[Opening Dataset content section]

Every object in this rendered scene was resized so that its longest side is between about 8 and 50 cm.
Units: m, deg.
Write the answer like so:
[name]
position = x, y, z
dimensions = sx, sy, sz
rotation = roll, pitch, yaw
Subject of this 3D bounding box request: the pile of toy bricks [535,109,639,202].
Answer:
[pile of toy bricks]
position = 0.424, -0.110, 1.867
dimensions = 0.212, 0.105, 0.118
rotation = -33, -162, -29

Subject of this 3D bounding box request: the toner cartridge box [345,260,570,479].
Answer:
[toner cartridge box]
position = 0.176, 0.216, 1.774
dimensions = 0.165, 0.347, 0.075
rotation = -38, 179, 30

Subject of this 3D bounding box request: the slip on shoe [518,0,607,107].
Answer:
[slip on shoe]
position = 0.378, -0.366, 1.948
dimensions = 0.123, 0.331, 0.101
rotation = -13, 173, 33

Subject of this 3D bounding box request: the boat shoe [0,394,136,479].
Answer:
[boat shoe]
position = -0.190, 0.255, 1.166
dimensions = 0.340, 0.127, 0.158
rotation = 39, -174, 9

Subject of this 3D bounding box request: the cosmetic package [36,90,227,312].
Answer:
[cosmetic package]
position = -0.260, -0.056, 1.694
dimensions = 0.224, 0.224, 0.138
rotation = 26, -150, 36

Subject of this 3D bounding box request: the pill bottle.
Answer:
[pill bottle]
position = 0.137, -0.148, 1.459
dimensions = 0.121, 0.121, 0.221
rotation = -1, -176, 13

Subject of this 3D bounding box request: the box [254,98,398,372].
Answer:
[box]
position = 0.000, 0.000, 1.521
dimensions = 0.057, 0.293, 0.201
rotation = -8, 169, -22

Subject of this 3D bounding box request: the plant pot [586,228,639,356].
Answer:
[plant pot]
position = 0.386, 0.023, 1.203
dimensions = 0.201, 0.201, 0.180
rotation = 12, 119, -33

[Closing Dataset content section]
[Opening Dataset content section]

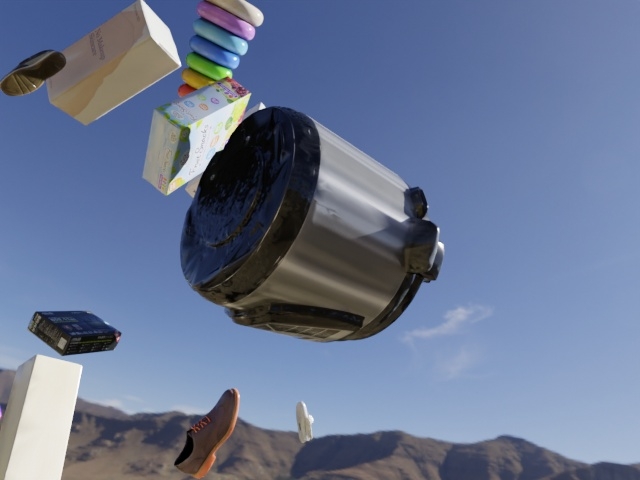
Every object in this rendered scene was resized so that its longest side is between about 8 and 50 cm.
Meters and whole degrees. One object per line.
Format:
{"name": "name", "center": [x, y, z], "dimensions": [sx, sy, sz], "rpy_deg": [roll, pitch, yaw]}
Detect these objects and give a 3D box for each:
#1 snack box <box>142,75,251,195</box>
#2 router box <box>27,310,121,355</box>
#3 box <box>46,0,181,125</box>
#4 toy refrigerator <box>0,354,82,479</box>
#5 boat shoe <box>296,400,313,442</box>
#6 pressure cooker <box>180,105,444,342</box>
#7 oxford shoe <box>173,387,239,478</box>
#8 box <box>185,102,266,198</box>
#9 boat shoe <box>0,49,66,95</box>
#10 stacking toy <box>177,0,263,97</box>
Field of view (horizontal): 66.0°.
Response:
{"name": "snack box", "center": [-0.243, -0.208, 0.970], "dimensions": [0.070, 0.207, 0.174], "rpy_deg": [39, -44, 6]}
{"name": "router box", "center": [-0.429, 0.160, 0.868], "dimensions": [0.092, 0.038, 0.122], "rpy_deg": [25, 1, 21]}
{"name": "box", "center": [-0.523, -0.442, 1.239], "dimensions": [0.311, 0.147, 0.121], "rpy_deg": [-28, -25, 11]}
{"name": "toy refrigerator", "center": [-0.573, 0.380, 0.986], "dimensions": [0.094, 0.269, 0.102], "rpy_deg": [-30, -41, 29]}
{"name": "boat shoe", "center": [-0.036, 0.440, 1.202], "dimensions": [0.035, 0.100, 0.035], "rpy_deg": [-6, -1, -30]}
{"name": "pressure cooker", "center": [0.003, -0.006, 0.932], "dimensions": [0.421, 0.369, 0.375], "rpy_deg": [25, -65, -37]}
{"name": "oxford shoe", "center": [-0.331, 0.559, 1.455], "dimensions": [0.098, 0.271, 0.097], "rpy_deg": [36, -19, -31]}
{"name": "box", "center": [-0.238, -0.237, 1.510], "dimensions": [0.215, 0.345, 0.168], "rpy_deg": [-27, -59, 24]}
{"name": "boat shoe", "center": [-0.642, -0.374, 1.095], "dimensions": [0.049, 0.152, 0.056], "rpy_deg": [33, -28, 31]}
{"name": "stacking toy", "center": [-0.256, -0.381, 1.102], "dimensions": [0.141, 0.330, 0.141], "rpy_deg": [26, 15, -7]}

[Closing Dataset content section]

Instructions to follow – Only a number is needed here: how many lines of the data include the word "Subject"?

Response to this task – 8